On the face of it, the BJP is focusing on development and Modi’s speech was testimony to it. But a closer look indicates otherwise. Modi associate Madhu Srivastva, the controversial MLA accused of threatening Best Bakery case witness Zahira Sheikh, is camping in the region, coordinating with the state RSS, the Hindu Jagran Manch and the Vishwa Hindu Parishad. Asked to comment on Srivastva’s presence, Modi snapped: “The Congress can field Zahira if they wish to.”

The BJP’s game plan is two-pronged. It has instructed leaders like Modi to keep talking about development and try to nail Digvijay on the lack of it, but on the ground, Hindutva issues are being alive with active support from Sangh outfits.

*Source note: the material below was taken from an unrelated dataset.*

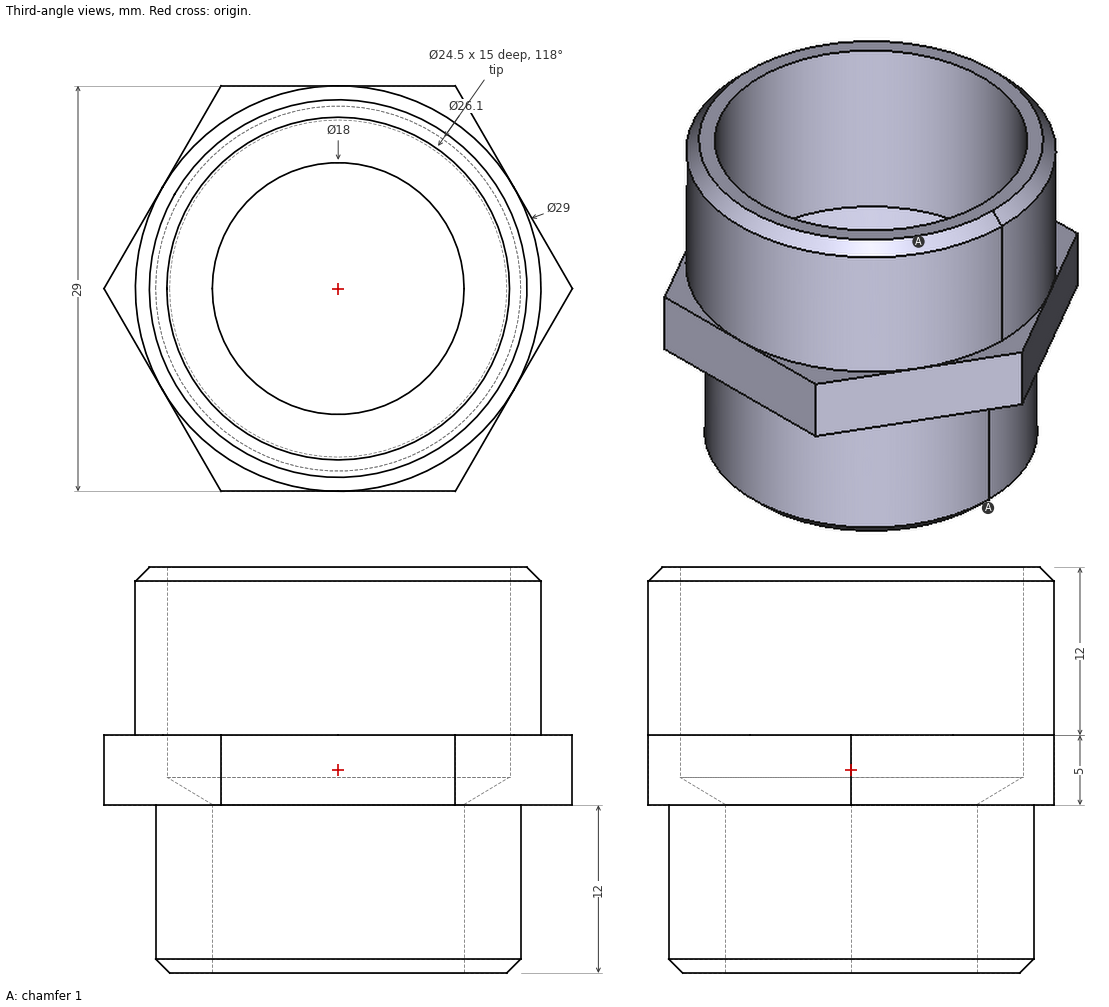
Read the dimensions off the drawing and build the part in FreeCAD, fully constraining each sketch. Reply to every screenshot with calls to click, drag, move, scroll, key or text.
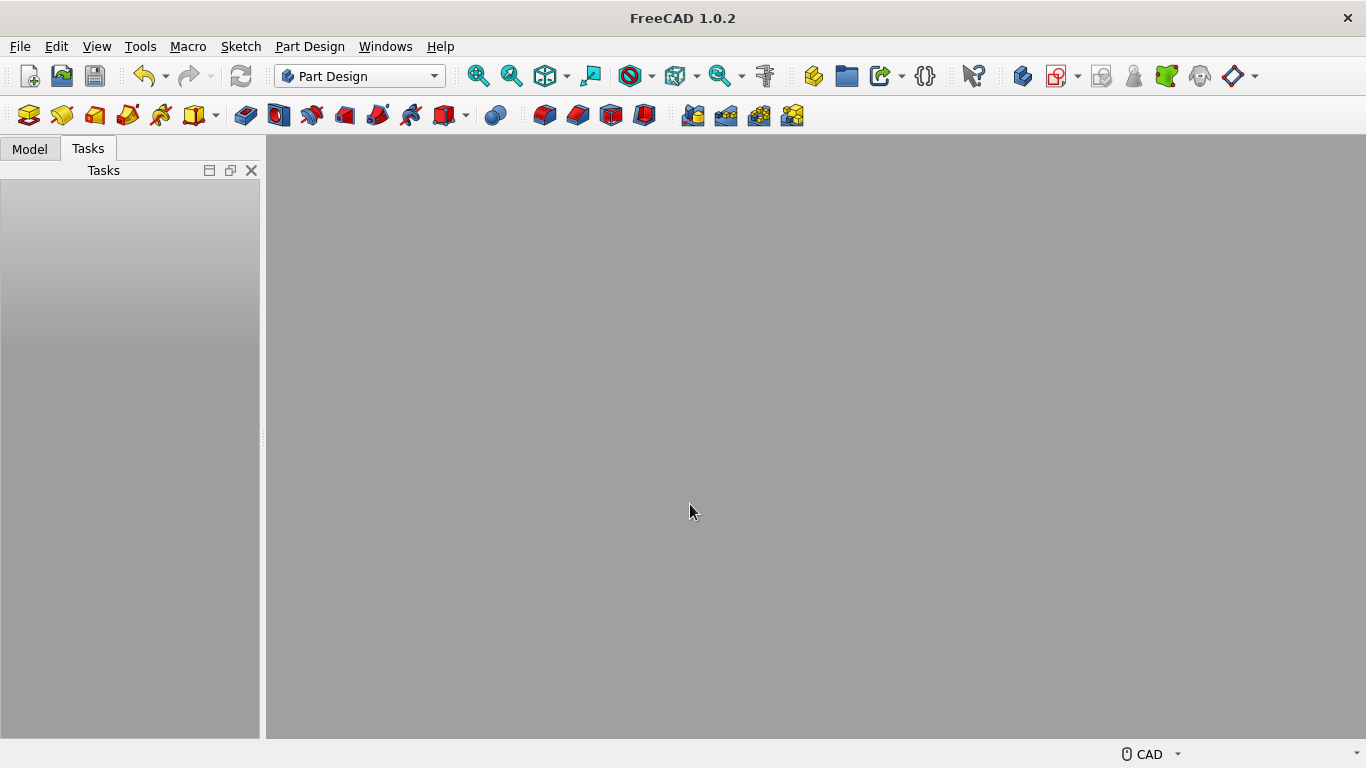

The Gujarat chief minister acknowledged the strategy when, at a news conference before the rally, he sought to establish a link between the Hindutva plank and development, saying they are inseparable like “kameez and pyjama”.

In Madhya Pradesh, the entire campaign is being handled by the state RSS. Apart from mobilising support for BJP nominees, the RSS’ prime task is to use its influence to keep the perennial factionalism in a tight leash.

Referring to Digvijay as “Diggybabu,” Modi showcased his government’s achievements, challenging Digvijay to match him in providing employment to 100,000 unemployed youth in two years. “He has not been able to do that in 10 years,” Modi said.

He claimed that if the Madhya Pradesh government had cooperated, 1500 mw power could have been generated from the Sardar Sarovar project.

Modi said it is a pity that the state continued to face acute water shortage though the Narmada passes through several villages and towns of the state. “Look at us. We got Narmada water to Kutch, 900 kilometres away,” he said.

Straying from development, Modi mocked Digvijay for claiming he could prevent riots. “When I meet him, I would definitely like to know how he could prevent riots. I think a person can only do that if he has prior knowledge of the designs (of troublemakers) and has strong links to determine the time and duration of riots.”